America’s emphatic embrace of Israel’s wars carries
real costs in terms of U.S. interests and regional stability. President-elect
Trump should end Washington’s blank-check support for Netanyahu’s agenda,
extricate itself from Israeli policy, and immediately begin disentangling
itself from these conflicts.
The other central component of U.S. policy in the
region is Washington’s enduring infatuation with Arab autocrats. America’s
deep-seated relationships with countries such as Saudi Arabia, Egypt, the
United Arab Emirates, and others is rooted in the “myth of authoritarian stability” that has pervaded U.S. Middle East policy for
decades.
This view holds that regional dictators are the best
guarantors of U.S. strategic interests in the Middle East and represent the
only viable source of stability in the region. This account gets things
backward. Rather than being the solution to the region’s issues, these actors
exacerbate the greatest
divide plaguing the
Middle East: between these long-standing autocratic regimes and the people they
rule over.
The disconnect between rulers and ruled is at the
heart of an inherently unstable
regional order upheld
only through exclusion, intense repression, and security guarantees from the
United States. By subsidizing this order, the United States has allowed its
Middle East partners to act with impunity at home and abroad while
disincentivizing liberalization.
Since before the October 7 attacks, the Biden
administration has placed its
stock in a
multi-pronged “megadeal” in which Saudi Arabia normalizes relations with Israel
as an extension of the so-called Abraham Accords. In return for normalizing
relations with Israel, Saudi dictator Mohammed bin Salman would receive a
formal security guarantee from the United States, and help develop his civilian
nuclear program.
Despite both major parties in Washington depicting
this deal as a panacea for the various problems afflicting the region, it is a
terrible idea.
Granting Saudi Arabia a formal security guarantee would legally commit the United States to defend one of the most autocratic states in
the world, and a principal source of instability across the Middle East. Such a
deal would also provide a framework for other regional actors to pressure
Washington into similar concessions. This is a recipe for
entrapment.
This is why American attempts at politically
engineering the Middle East have been an exercise in futility. They have
repeatedly backfired, resulting in tremendous political, human, and economic
costs, with virtually nothing to show for them.
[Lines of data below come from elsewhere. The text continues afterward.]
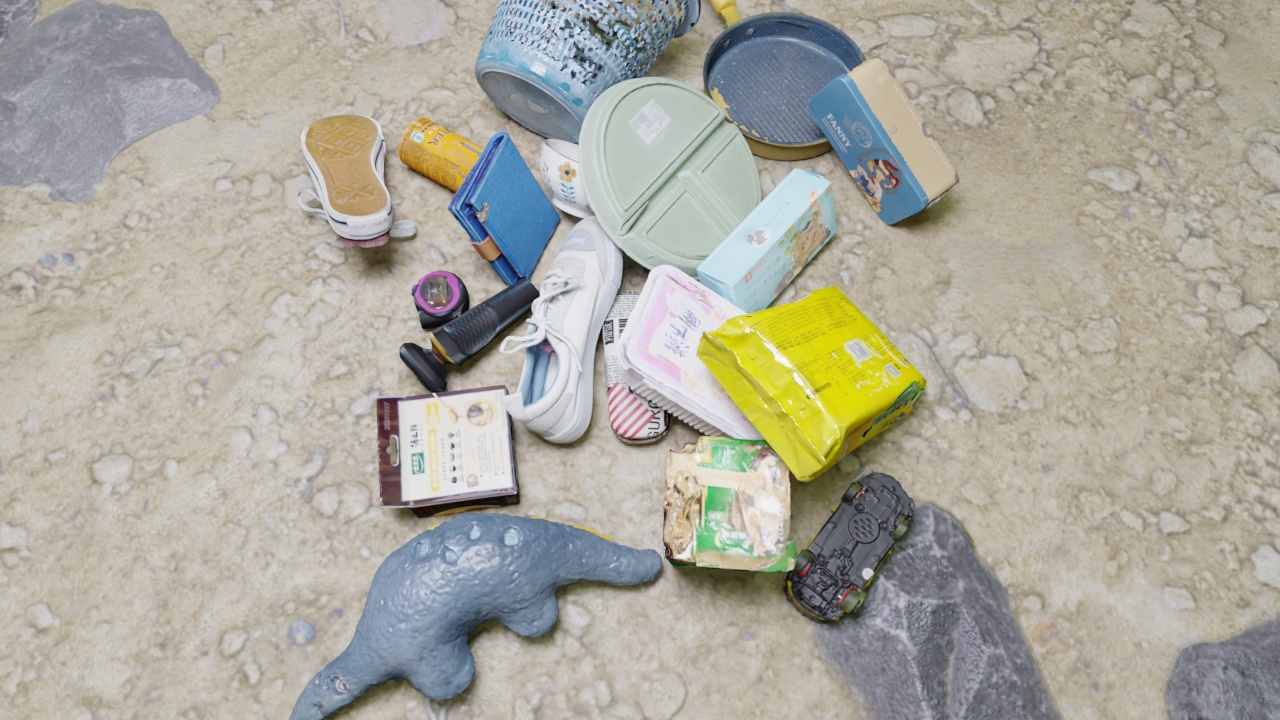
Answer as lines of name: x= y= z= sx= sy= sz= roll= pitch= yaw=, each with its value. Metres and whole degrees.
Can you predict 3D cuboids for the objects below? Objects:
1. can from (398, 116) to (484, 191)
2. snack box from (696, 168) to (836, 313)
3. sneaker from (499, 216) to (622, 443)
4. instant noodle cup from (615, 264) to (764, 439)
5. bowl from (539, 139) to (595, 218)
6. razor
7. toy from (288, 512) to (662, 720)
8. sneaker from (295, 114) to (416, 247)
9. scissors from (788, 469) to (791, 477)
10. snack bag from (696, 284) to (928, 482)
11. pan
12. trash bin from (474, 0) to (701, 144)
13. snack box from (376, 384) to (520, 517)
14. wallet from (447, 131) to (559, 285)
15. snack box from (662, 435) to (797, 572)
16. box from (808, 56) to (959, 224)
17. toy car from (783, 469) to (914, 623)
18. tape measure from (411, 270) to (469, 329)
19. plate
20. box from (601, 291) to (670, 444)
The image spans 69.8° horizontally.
can: x=-0.195 y=-0.214 z=1.019 sx=0.146 sy=0.058 sz=0.058 roll=29 pitch=68 yaw=11
snack box: x=0.136 y=-0.117 z=0.967 sx=0.052 sy=0.074 sz=0.174 roll=31 pitch=67 yaw=33
sneaker: x=-0.085 y=-0.044 z=0.913 sx=0.090 sy=0.090 sz=0.241 roll=-7 pitch=65 yaw=38
instant noodle cup: x=0.057 y=0.004 z=0.895 sx=0.173 sy=0.061 sz=0.137 roll=31 pitch=53 yaw=-10
bowl: x=-0.061 y=-0.192 z=0.999 sx=0.113 sy=0.113 sz=0.062 roll=28 pitch=110 yaw=11
razor: x=-0.168 y=-0.031 z=0.942 sx=0.167 sy=0.068 sz=0.062 roll=-39 pitch=82 yaw=-27
toy: x=-0.159 y=0.213 z=0.820 sx=0.356 sy=0.091 sz=0.138 roll=-25 pitch=97 yaw=-11
sneaker: x=-0.310 y=-0.183 z=0.990 sx=0.118 sy=0.088 sz=0.241 roll=-10 pitch=44 yaw=-19
scissors: x=0.089 y=0.083 z=0.916 sx=0.133 sy=0.017 sz=0.133 roll=-38 pitch=67 yaw=-19
snack bag: x=0.174 y=0.007 z=0.863 sx=0.245 sy=0.068 sz=0.158 roll=-21 pitch=67 yaw=-49
pan: x=0.127 y=-0.393 z=1.094 sx=0.197 sy=0.078 sz=0.357 roll=-31 pitch=70 yaw=-14
trash bin: x=-0.076 y=-0.360 z=1.018 sx=0.226 sy=0.226 sz=0.195 roll=26 pitch=81 yaw=10
snack box: x=-0.185 y=0.087 z=0.887 sx=0.125 sy=0.053 sz=0.113 roll=-7 pitch=66 yaw=-4
wallet: x=-0.139 y=-0.154 z=0.955 sx=0.040 sy=0.133 sz=0.106 roll=12 pitch=64 yaw=29
snack box: x=0.075 y=0.141 z=0.840 sx=0.117 sy=0.106 sz=0.118 roll=5 pitch=67 yaw=-1
box: x=0.260 y=-0.242 z=0.997 sx=0.062 sy=0.090 sz=0.184 roll=-38 pitch=92 yaw=-16
toy car: x=0.198 y=0.174 z=0.862 sx=0.071 sy=0.041 sz=0.155 roll=36 pitch=72 yaw=14
tape measure: x=-0.209 y=-0.065 z=0.962 sx=0.057 sy=0.039 sz=0.057 roll=-8 pitch=66 yaw=-5
plate: x=0.040 y=-0.197 z=0.972 sx=0.230 sy=0.028 sz=0.230 roll=10 pitch=71 yaw=-31
box: x=-0.006 y=0.008 z=0.937 sx=0.072 sy=0.060 sz=0.164 roll=8 pitch=64 yaw=-22
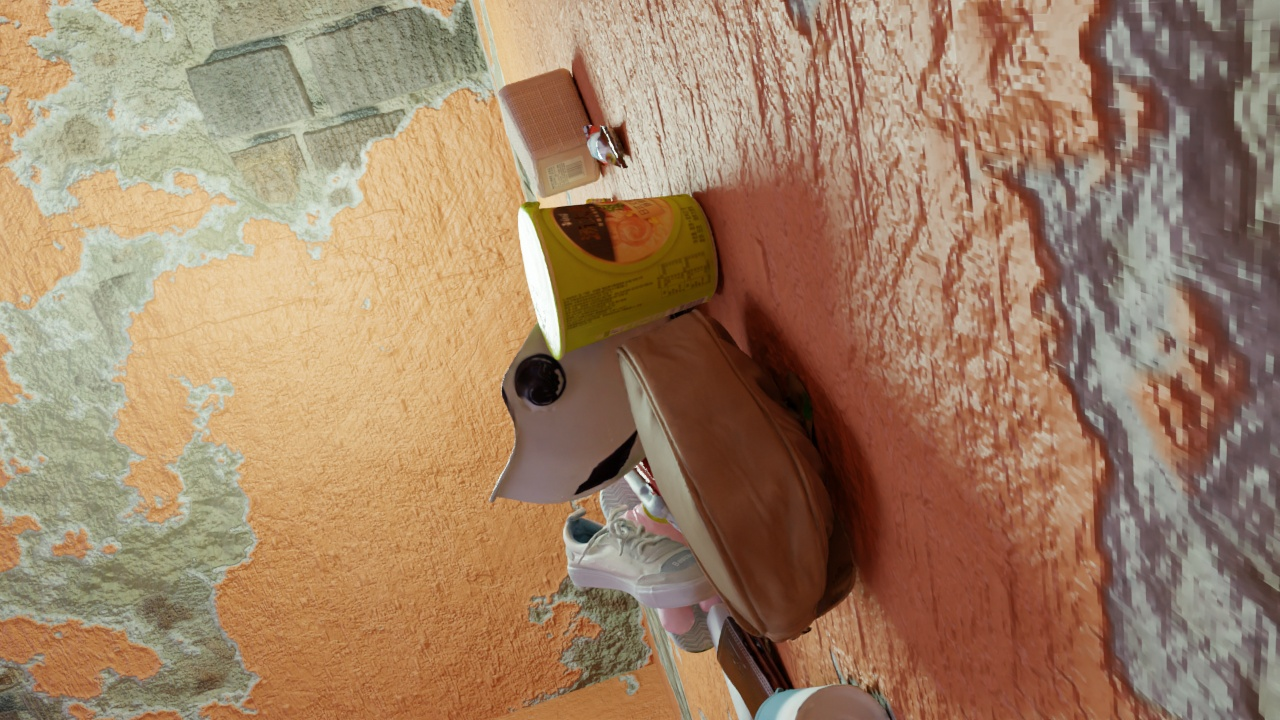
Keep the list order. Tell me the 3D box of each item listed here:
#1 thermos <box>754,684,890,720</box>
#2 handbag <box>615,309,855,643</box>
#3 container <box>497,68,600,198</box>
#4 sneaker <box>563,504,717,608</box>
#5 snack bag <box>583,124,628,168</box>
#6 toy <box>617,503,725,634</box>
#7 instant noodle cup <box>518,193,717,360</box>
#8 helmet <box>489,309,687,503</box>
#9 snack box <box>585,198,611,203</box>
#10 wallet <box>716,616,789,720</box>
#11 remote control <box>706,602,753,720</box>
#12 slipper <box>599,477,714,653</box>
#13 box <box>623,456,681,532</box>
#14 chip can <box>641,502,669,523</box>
[{"bbox_3d":[0.122,0.268,0.654,0.221,0.070,0.070,91,161,-69],"label":"thermos"},{"bbox_3d":[0.058,0.062,0.557,0.204,0.100,0.148,-116,4,-51],"label":"handbag"},{"bbox_3d":[-0.102,-0.259,1.063,0.090,0.090,0.111,86,163,-62],"label":"container"},{"bbox_3d":[-0.003,0.203,0.992,0.243,0.089,0.091,-6,100,52],"label":"sneaker"},{"bbox_3d":[-0.035,-0.210,0.902,0.048,0.026,0.104,63,177,-20],"label":"snack bag"},{"bbox_3d":[0.032,0.242,1.090,0.159,0.121,0.054,59,-179,23],"label":"toy"},{"bbox_3d":[-0.014,-0.069,0.656,0.112,0.123,0.111,165,91,-77],"label":"instant noodle cup"},{"bbox_3d":[-0.035,0.013,0.805,0.229,0.146,0.258,125,158,-83],"label":"helmet"},{"bbox_3d":[-0.045,-0.107,1.068,0.086,0.034,0.141,-87,-8,-48],"label":"snack box"},{"bbox_3d":[0.117,0.317,0.897,0.124,0.032,0.101,55,159,36],"label":"wallet"},{"bbox_3d":[0.103,0.333,0.995,0.056,0.020,0.135,98,157,-55],"label":"remote control"},{"bbox_3d":[0.032,0.250,1.166,0.245,0.104,0.074,64,167,10],"label":"slipper"},{"bbox_3d":[0.035,0.109,0.882,0.101,0.095,0.201,58,174,-17],"label":"box"},{"bbox_3d":[0.011,0.102,1.101,0.210,0.071,0.071,-117,12,-57],"label":"chip can"}]
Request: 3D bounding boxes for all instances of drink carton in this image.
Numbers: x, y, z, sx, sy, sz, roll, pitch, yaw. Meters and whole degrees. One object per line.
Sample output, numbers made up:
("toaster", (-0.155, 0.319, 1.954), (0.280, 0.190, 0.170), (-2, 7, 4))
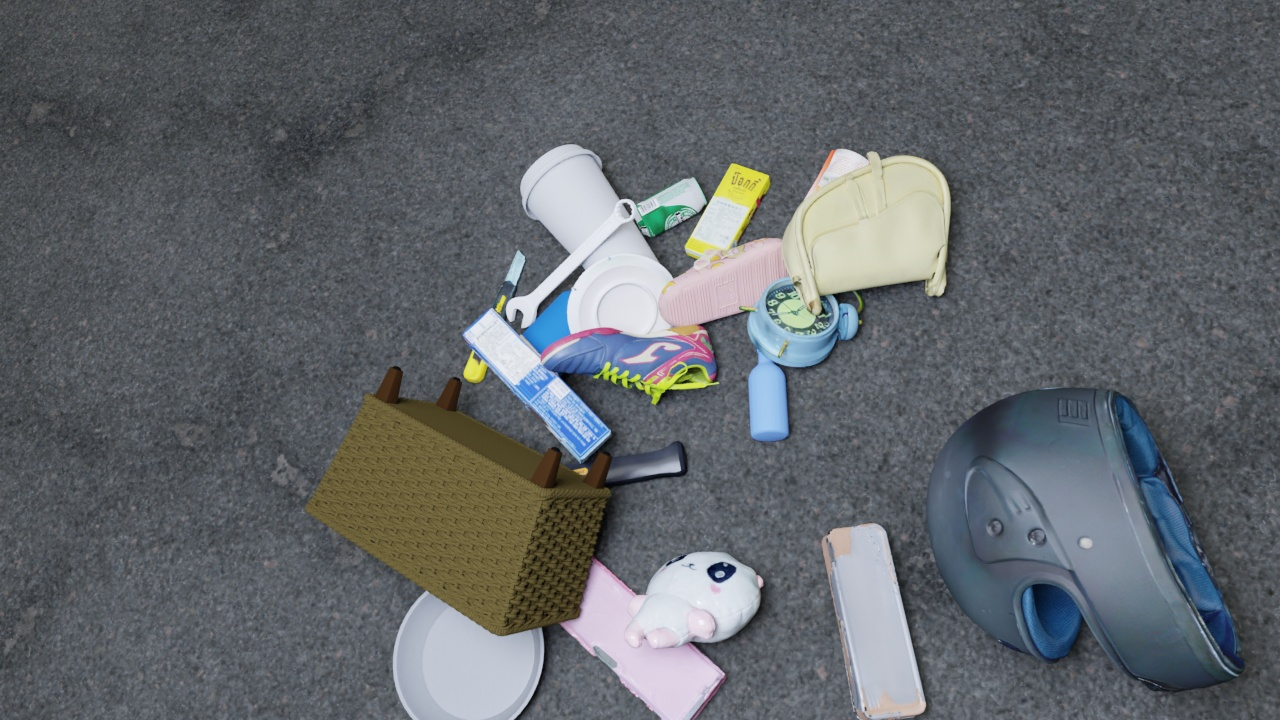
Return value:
("drink carton", (0.267, -0.229, 1.272), (0.069, 0.039, 0.122), (29, 85, 23))

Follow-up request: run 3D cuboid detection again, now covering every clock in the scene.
("clock", (0.214, -0.059, 1.190), (0.161, 0.060, 0.118), (-26, 62, -22))

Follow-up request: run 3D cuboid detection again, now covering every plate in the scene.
("plate", (-0.020, -0.066, 1.230), (0.157, 0.157, 0.014), (-36, 23, -1))

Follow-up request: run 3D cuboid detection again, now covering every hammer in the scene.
("hammer", (-0.094, 0.149, 1.216), (0.313, 0.035, 0.139), (-11, 68, 10))

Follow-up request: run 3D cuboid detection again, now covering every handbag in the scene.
("handbag", (0.291, -0.161, 1.171), (0.232, 0.089, 0.190), (-10, 71, -12))

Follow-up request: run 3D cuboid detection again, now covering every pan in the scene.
("pan", (-0.183, 0.432, 1.117), (0.201, 0.051, 0.356), (-27, 65, 3))

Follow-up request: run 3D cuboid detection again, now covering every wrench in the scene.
("wrench", (-0.099, -0.130, 1.261), (0.274, 0.009, 0.047), (-39, 81, 33))

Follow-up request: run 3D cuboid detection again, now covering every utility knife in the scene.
("utility knife", (-0.210, -0.067, 1.341), (0.029, 0.020, 0.212), (13, 72, 17))

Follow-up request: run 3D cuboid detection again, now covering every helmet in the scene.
("helmet", (0.430, 0.191, 0.949), (0.237, 0.248, 0.315), (-29, 63, 34))

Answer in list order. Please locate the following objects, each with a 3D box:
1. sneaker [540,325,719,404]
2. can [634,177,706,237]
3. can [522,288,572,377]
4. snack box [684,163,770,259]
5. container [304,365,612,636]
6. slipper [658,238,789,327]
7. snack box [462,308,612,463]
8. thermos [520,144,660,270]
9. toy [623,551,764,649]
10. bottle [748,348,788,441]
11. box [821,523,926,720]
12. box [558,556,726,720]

The Middle East often assumes an outsized role
in U.S. foreign policy at
the expense of far more pressing policy issues facing the United States. The
region no longer
represents a
core theater of U.S. strategic interests. The interests that the United States
does maintain in the region — such as the free flow of oil, countering
terrorist threats to the homeland, and preventing the emergence of a regional
hegemon — are easily achievable, and do not warrant current (or greater) levels
of U.S. involvement.
America’s continued — and expanding — entanglements in
the Middle East risk overextending the United States as Washington remains
waist-deep in assisting Ukraine against Russia’s invasion and attempting to
deter China in the Indo-Pacific. Worse, with a national debt approaching $36
trillion and the United States running $1.5 trillion-plus budget deficits,
American foreign policy risks plunging the United States toward economic
crisis. Maintaining current levels of U.S. involvement in the Middle East is unsustainable.
President-elect Trump has an opportunity to change all
of this, by disentangling itself from the region’s conflicts, deprioritizing
the Middle East, and fundamentally altering course. Failure to do so will
result in the United States continuing to face problems of its own making.